Posted December 8, 2023 By John C Wright

7 December AD 2023, Feast Day of St. Ambrose

Dear Godson,

To instruct you in the mysteries of the faith is the duty and joy of a godfather. It falls on a godfather to introduce, as best he may, to his godson the God who is to Our Father in Heaven, and tell of His wonders.

This is an auspicious day to begin the task for Saint Ambrose, whose feast today it is, is famed for reconciling the opposite parties when controversy divided the Church.

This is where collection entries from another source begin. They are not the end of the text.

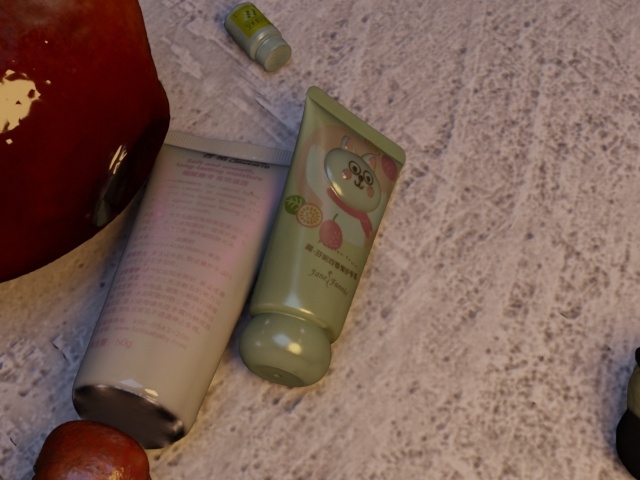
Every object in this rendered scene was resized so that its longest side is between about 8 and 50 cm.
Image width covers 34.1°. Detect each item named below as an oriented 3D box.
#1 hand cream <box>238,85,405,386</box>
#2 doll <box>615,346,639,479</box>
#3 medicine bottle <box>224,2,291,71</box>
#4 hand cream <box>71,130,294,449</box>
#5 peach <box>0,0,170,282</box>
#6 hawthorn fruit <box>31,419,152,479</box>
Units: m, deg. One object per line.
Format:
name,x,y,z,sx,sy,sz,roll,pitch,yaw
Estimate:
hand cream,0.000,0.000,1.076,0.147,0.093,0.306,31,61,-28
doll,0.382,0.166,0.930,0.234,0.135,0.144,21,68,12
medicine bottle,-0.074,-0.242,1.240,0.047,0.047,0.083,-35,63,-13
hand cream,-0.139,0.034,1.077,0.185,0.118,0.359,10,56,13
peach,-0.321,-0.134,1.050,0.310,0.335,0.406,36,63,2
hawthorn fruit,-0.211,0.228,0.965,0.128,0.128,0.128,-2,62,5
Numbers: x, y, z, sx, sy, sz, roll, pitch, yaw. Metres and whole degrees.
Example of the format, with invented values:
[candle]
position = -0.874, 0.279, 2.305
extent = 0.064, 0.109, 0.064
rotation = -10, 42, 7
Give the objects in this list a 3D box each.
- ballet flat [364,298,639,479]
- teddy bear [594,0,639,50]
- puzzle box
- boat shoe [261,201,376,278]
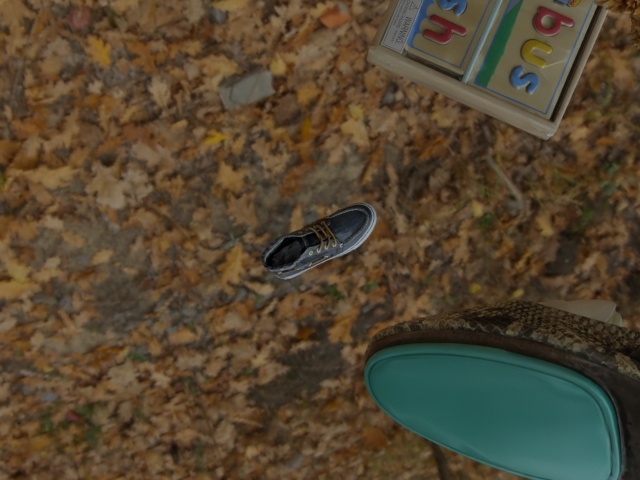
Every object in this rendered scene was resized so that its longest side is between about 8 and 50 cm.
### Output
[ballet flat]
position = 0.272, 0.130, 0.653
extent = 0.182, 0.482, 0.164
rotation = -42, 129, -38
[teddy bear]
position = 0.317, -0.109, 0.605
extent = 0.338, 0.245, 0.113
rotation = 34, 110, -16
[puzzle box]
position = 0.265, -0.371, 1.090
extent = 0.052, 0.272, 0.409
rotation = 108, 6, -83
[boat shoe]
position = 0.000, 0.000, 1.203
extent = 0.183, 0.065, 0.083
rotation = -32, 168, 6
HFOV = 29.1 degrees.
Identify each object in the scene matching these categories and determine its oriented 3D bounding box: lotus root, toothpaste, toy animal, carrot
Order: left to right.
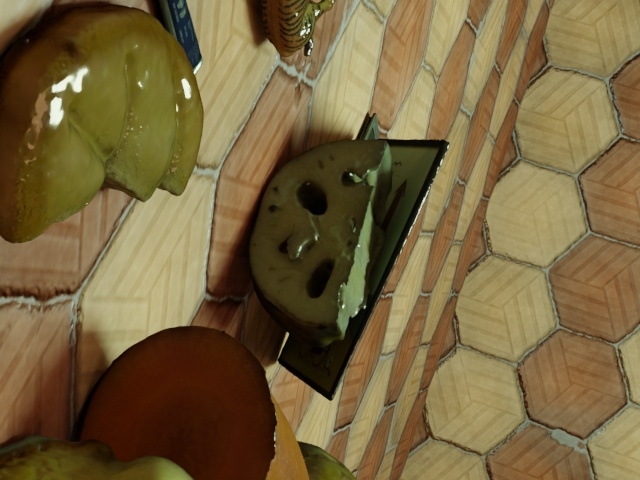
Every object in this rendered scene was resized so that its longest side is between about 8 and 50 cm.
[{"bbox_3d":[-0.111,-0.168,0.965,0.037,0.021,0.140,-58,163,-22],"label":"toothpaste"},{"bbox_3d":[-0.106,0.240,1.115,0.214,0.193,0.331,-55,157,-21],"label":"carrot"},{"bbox_3d":[-0.027,-0.239,1.143,0.099,0.057,0.241,-57,162,-26],"label":"toy animal"},{"bbox_3d":[0.000,0.000,1.363,0.119,0.138,0.235,93,19,-64],"label":"lotus root"}]

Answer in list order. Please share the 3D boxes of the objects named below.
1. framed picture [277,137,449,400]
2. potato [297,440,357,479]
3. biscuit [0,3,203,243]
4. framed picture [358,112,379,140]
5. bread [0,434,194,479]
[{"bbox_3d":[0.045,0.024,1.504,0.324,0.013,0.244,-66,-163,-2],"label":"framed picture"},{"bbox_3d":[-0.043,0.395,1.543,0.289,0.301,0.237,-111,-175,-59],"label":"potato"},{"bbox_3d":[-0.146,-0.090,0.882,0.299,0.045,0.154,-29,133,-70],"label":"biscuit"},{"bbox_3d":[0.047,-0.038,1.736,0.252,0.014,0.197,76,35,-64],"label":"framed picture"},{"bbox_3d":[-0.185,0.236,0.862,0.251,0.174,0.133,-22,126,-70],"label":"bread"}]

So might these letters aid you in finding fit words to say to tell of the faith within you, and to explain with those who have ears to hear how the gift from God called reason and the gift from God called faith are not now, and can never be, at odds.

But where to begin?

Were I to teach you geometry, beloved godson, it would be proper to begin at the premises and common notions and definitions, for these are the beginning of that study. But the faith is in all things and informs all things, and so anywhere is a proper beginning: all roads lead to Rome.

So I will start with this letter, this sentence. I am late in writing it. Alas, I take up my pen tardily, but readily. I meant to do this yesterday, but it slipped my mind.

Therefore let me be an example for you: In later years, when you find yourself to have fallen short, perhaps less perfect in charity than you should have been, do not allow this imperfection to hinder the speed at which you will begin to repent and to make amends.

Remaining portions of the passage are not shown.